Kelebihan dan Kelemahan dari Kebijakan "Jaminan Pelayanan KB bagi Orang Miskin"
Data‐data memperlihatkan bahwa cakupan pelayanan keluarga berencana dan kesehatan reproduksi bagi masyarakat miskin masih rendah, hal ini menunjukkan akses dan kualitas pelayanan KB bagi mereka juga masih rendah. Operasionalisasi pelaksanaan kebijakan pelayanan KB bagi masyarakat miskin diduga terkendala oleh ketidaktersediaan/kurangnya input dan berbagai permasalahan pada proses pelayanan KB sehingga menentukan kualitas output yang dihasilkan. Meskipun target peserta KB baru dan aktif setiap tahun relatif baik, kontribusi peserta KB baru miskin terhadap pertambahan peserta KB aktif miskin diduga masih relatif kecil disebabkan tingginya kegagalan pemakaian kontrasepsi dan tingginya angka putus pakai kontrasepsi pada akseptor KB miskin.
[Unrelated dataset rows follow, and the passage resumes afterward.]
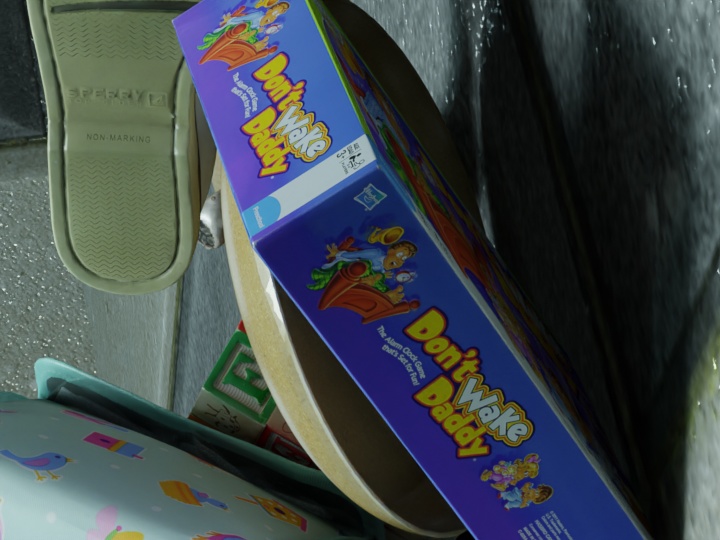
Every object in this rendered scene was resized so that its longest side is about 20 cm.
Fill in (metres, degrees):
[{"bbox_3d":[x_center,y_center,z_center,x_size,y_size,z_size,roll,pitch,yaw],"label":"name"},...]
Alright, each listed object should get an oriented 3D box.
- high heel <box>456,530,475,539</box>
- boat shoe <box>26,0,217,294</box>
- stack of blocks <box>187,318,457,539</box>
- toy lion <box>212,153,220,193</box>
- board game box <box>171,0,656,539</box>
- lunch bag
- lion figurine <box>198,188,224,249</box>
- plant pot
[{"bbox_3d":[0.020,0.184,1.125,0.068,0.096,0.201,-111,17,-54],"label":"high heel"},{"bbox_3d":[-0.076,-0.091,0.950,0.069,0.074,0.201,-84,4,-54],"label":"boat shoe"},{"bbox_3d":[-0.019,0.087,1.145,0.059,0.115,0.200,-60,0,-25],"label":"stack of blocks"},{"bbox_3d":[-0.007,0.010,1.270,0.192,0.068,0.201,158,103,-72],"label":"toy lion"},{"bbox_3d":[0.021,0.010,0.882,0.200,0.045,0.135,53,-171,-36],"label":"board game box"},{"bbox_3d":[-0.087,0.114,1.050,0.200,0.170,0.123,-7,-64,-70],"label":"lunch bag"},{"bbox_3d":[-0.023,-0.079,1.069,0.072,0.122,0.201,18,136,37],"label":"lion figurine"},{"bbox_3d":[0.000,0.000,0.994,0.200,0.027,0.201,45,-143,-48],"label":"plant pot"}]
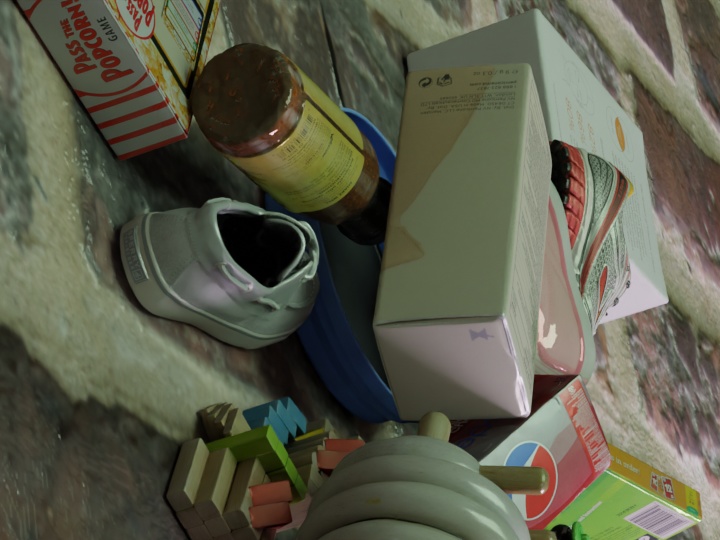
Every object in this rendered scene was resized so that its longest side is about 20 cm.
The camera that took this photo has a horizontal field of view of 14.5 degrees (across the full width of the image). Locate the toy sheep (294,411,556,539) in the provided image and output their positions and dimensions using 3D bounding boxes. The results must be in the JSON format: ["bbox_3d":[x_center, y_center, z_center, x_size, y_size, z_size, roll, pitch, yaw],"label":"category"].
[{"bbox_3d":[0.030,0.151,1.456,0.138,0.138,0.200,59,28,-31],"label":"toy sheep"}]

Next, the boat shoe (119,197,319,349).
[{"bbox_3d":[-0.060,-0.006,1.551,0.200,0.068,0.072,26,49,-62],"label":"boat shoe"}]

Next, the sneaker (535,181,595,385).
[{"bbox_3d":[0.078,-0.015,1.789,0.105,0.075,0.201,19,44,-46],"label":"sneaker"}]

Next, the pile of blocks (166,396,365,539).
[{"bbox_3d":[-0.038,0.101,1.530,0.082,0.062,0.200,71,20,-4],"label":"pile of blocks"}]

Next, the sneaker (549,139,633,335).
[{"bbox_3d":[0.143,0.019,1.858,0.082,0.078,0.201,11,86,-35],"label":"sneaker"}]

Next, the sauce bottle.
[{"bbox_3d":[-0.029,-0.063,1.581,0.200,0.066,0.066,44,34,-60],"label":"sauce bottle"}]

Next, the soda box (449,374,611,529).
[{"bbox_3d":[0.054,0.136,1.606,0.200,0.070,0.064,-38,112,-36],"label":"soda box"}]

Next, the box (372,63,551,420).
[{"bbox_3d":[0.062,-0.017,1.638,0.095,0.077,0.200,74,18,-45],"label":"box"}]

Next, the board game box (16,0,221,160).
[{"bbox_3d":[-0.132,-0.181,1.541,0.152,0.046,0.200,59,24,-32],"label":"board game box"}]

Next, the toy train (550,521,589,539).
[{"bbox_3d":[0.101,0.207,1.645,0.200,0.042,0.057,-53,133,-65],"label":"toy train"}]

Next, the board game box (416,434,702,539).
[{"bbox_3d":[0.112,0.131,1.761,0.200,0.095,0.030,27,45,-36],"label":"board game box"}]

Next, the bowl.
[{"bbox_3d":[0.000,0.000,1.741,0.201,0.039,0.201,52,29,-43],"label":"bowl"}]

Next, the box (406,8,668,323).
[{"bbox_3d":[0.128,-0.064,2.023,0.200,0.106,0.153,43,35,-52],"label":"box"}]
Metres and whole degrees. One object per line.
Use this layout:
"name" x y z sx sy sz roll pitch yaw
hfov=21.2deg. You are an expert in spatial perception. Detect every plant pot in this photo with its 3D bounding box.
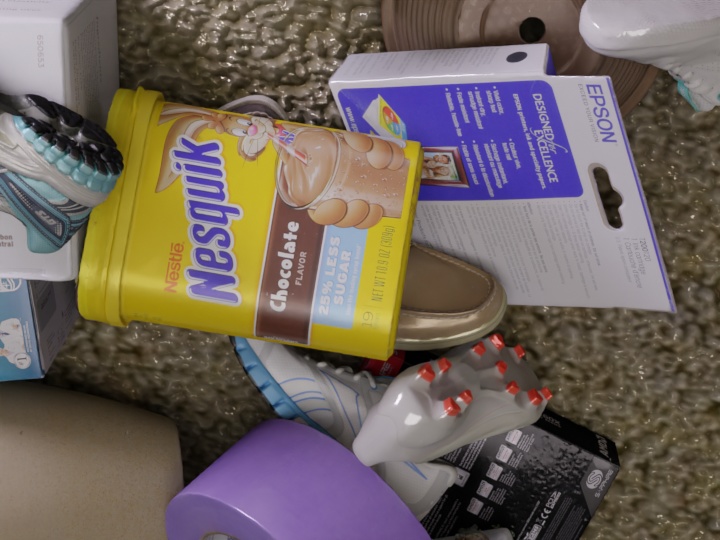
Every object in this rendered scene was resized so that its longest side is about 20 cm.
"plant pot" 0.113 -0.168 1.277 0.199 0.093 0.203 0 107 1
"plant pot" -0.229 0.156 1.361 0.198 0.187 0.189 -3 108 -13

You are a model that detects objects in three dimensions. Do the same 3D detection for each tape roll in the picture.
"tape roll" -0.034 0.205 1.303 0.085 0.199 0.201 -41 106 -30

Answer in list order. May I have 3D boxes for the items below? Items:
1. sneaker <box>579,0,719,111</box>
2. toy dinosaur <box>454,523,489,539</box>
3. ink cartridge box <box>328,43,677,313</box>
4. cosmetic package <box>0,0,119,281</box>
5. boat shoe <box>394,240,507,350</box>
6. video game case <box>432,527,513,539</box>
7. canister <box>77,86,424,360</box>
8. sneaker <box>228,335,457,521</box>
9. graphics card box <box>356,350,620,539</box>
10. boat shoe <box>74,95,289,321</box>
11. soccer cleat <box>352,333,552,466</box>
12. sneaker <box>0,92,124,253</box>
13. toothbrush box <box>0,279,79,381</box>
"sneaker" 0.218 -0.143 1.249 0.199 0.075 0.089 -12 127 -36
"toy dinosaur" 0.064 0.259 1.363 0.088 0.047 0.201 45 126 15
"ink cartridge box" 0.100 -0.058 1.263 0.198 0.044 0.199 3 133 29
"cosmetic package" -0.251 -0.100 1.254 0.166 0.200 0.168 0 107 2
"boat shoe" 0.000 0.000 1.289 0.198 0.072 0.065 12 140 15
"video game case" 0.048 0.284 1.421 0.199 0.023 0.183 -13 110 25
"canister" -0.067 -0.027 1.222 0.198 0.087 0.150 9 82 2
"sneaker" -0.010 0.090 1.332 0.087 0.075 0.200 -41 92 3
"graphics card box" 0.074 0.142 1.396 0.199 0.051 0.126 25 106 -4
"boat shoe" -0.125 -0.040 1.342 0.200 0.060 0.072 -42 101 13
"soccer cleat" 0.061 0.089 1.294 0.077 0.200 0.070 -40 73 25
"sneaker" -0.243 -0.076 1.118 0.199 0.078 0.087 30 109 -7
"toothbrush box" -0.305 0.021 1.323 0.198 0.147 0.086 -6 106 5
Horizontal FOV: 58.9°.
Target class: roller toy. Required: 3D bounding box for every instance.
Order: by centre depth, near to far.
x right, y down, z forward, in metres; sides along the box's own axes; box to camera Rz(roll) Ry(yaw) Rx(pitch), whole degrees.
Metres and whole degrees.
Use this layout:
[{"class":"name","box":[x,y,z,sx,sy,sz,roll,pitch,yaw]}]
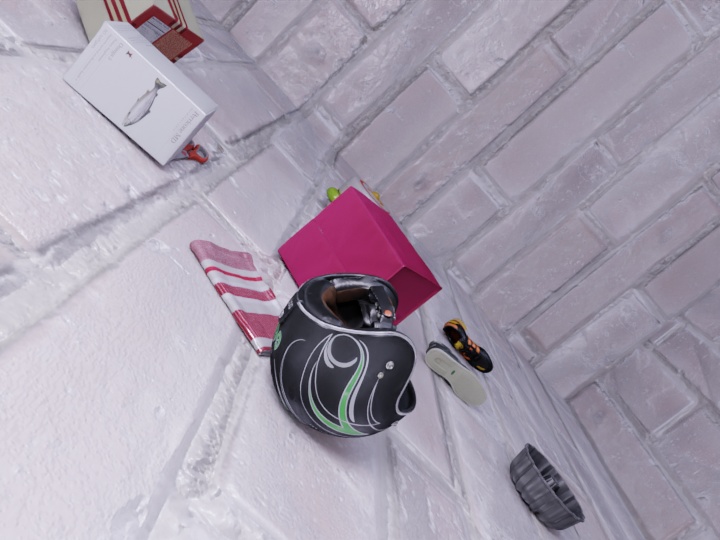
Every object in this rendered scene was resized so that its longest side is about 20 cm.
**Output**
[{"class":"roller toy","box":[0.002,-0.183,1.914,0.183,0.140,0.200,53,12,17]}]

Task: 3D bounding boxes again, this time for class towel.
[{"class":"towel","box":[-0.162,0.041,0.950,0.200,0.023,0.144,54,14,19]}]

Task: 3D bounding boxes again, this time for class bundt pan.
[{"class":"bundt pan","box":[0.412,0.496,1.443,0.202,0.076,0.202,46,13,-14]}]

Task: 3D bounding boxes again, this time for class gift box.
[{"class":"gift box","box":[-0.450,-0.507,1.241,0.188,0.199,0.184,68,13,14]}]

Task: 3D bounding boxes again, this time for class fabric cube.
[{"class":"fabric cube","box":[0.000,0.000,1.226,0.200,0.200,0.196,57,14,26]}]

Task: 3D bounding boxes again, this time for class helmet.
[{"class":"helmet","box":[-0.017,0.119,0.826,0.199,0.192,0.200,8,28,-4]}]

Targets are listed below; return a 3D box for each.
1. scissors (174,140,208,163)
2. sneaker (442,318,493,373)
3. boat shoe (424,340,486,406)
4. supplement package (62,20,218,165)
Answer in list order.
[{"class":"scissors","box":[-0.319,-0.212,1.182,0.073,0.014,0.200,44,13,-22]},{"class":"sneaker","box":[0.323,0.240,1.961,0.200,0.070,0.090,52,28,16]},{"class":"boat shoe","box":[0.240,0.254,1.586,0.200,0.072,0.068,45,17,-9]},{"class":"supplement package","box":[-0.351,-0.290,1.042,0.200,0.117,0.117,41,13,-15]}]
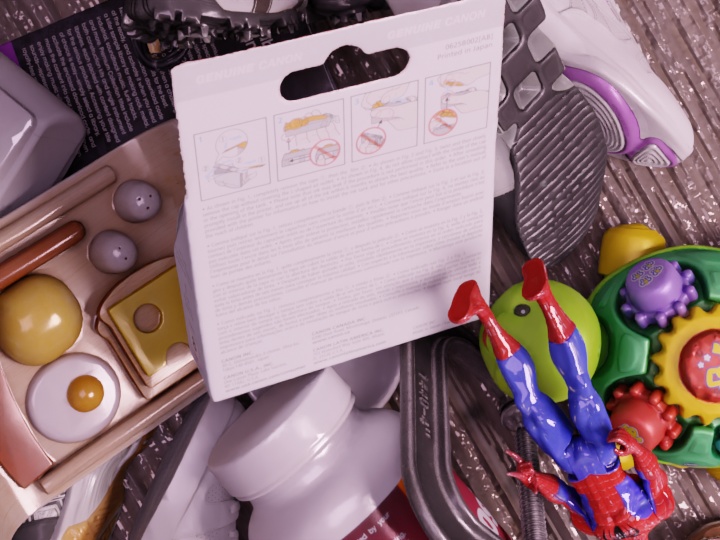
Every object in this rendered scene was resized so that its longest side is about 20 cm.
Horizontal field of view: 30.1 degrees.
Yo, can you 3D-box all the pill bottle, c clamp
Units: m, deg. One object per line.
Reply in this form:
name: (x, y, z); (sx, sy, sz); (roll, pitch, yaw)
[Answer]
pill bottle: (0.013, 0.151, 0.732); (0.113, 0.113, 0.200); (-40, 101, 2)
c clamp: (0.076, 0.116, 0.727); (0.171, 0.201, 0.027); (33, 126, -32)

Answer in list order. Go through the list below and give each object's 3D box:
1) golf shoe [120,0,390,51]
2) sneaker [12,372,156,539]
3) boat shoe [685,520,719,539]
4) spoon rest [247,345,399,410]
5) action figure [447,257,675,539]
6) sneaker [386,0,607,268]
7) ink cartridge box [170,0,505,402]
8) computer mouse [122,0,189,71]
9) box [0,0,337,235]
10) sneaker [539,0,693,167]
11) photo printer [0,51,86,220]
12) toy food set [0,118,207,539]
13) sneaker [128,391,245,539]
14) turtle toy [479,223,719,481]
golf shoe: (-0.053, -0.166, 0.686); (0.077, 0.200, 0.095); (2, 107, 33)
sneaker: (-0.181, 0.118, 0.780); (0.087, 0.076, 0.201); (23, 82, 7)
boat shoe: (0.276, 0.199, 0.759); (0.199, 0.072, 0.076); (21, 92, 1)
spoon rest: (0.000, 0.000, 0.771); (0.099, 0.061, 0.201); (28, 91, 1)
action figure: (0.113, 0.090, 0.694); (0.065, 0.052, 0.200); (-22, 117, 22)
sneaker: (0.072, -0.089, 0.732); (0.074, 0.088, 0.200); (-41, 131, -18)
ink cartridge box: (-0.012, -0.040, 0.656); (0.162, 0.057, 0.201); (-16, 128, -16)
computer mouse: (-0.134, -0.201, 0.712); (0.058, 0.034, 0.201); (-23, 81, 1)
box: (-0.113, -0.091, 0.778); (0.199, 0.036, 0.144); (-22, 82, 4)
sneaker: (0.125, -0.144, 0.756); (0.200, 0.075, 0.100); (43, 69, -10)
photo printer: (-0.271, -0.075, 0.753); (0.200, 0.069, 0.167); (39, 101, 16)
toy food set: (-0.142, 0.032, 0.701); (0.200, 0.060, 0.144); (-34, 106, -19)
sneaker: (-0.079, 0.175, 0.780); (0.115, 0.074, 0.201); (21, 91, -10)
turtle toy: (0.165, 0.047, 0.745); (0.199, 0.101, 0.147); (6, 91, 2)

Arah kebijakan tersebut dijabarkan ke dalam program dan kegiatan pembangunan kependudukan dan KB. Peningkatkan akses dan kualitas pelayanan KB terutama bagi keluarga miskin dan rentan dilaksanakan melalui Program KB. Program ini bertujuan untuk memenuhi permintaan masyarakat akan pelayanan KB dan kesehatan reproduksi yang berkualitas, termasuk di dalamnya upaya‐upaya menurunkan angka kematian ibu, bayi, dan anak serta penanggulangan masalah kesehatan reproduksi dalam rangka membangun keluarga kecil berkualitas. Program dan kegiatan yang terkait langsung dengan pelayanan KB bagi masyarakat miskin yang dilaksanakan selama periode 2004–2009 baik di dalam RPJMN maupun RKP.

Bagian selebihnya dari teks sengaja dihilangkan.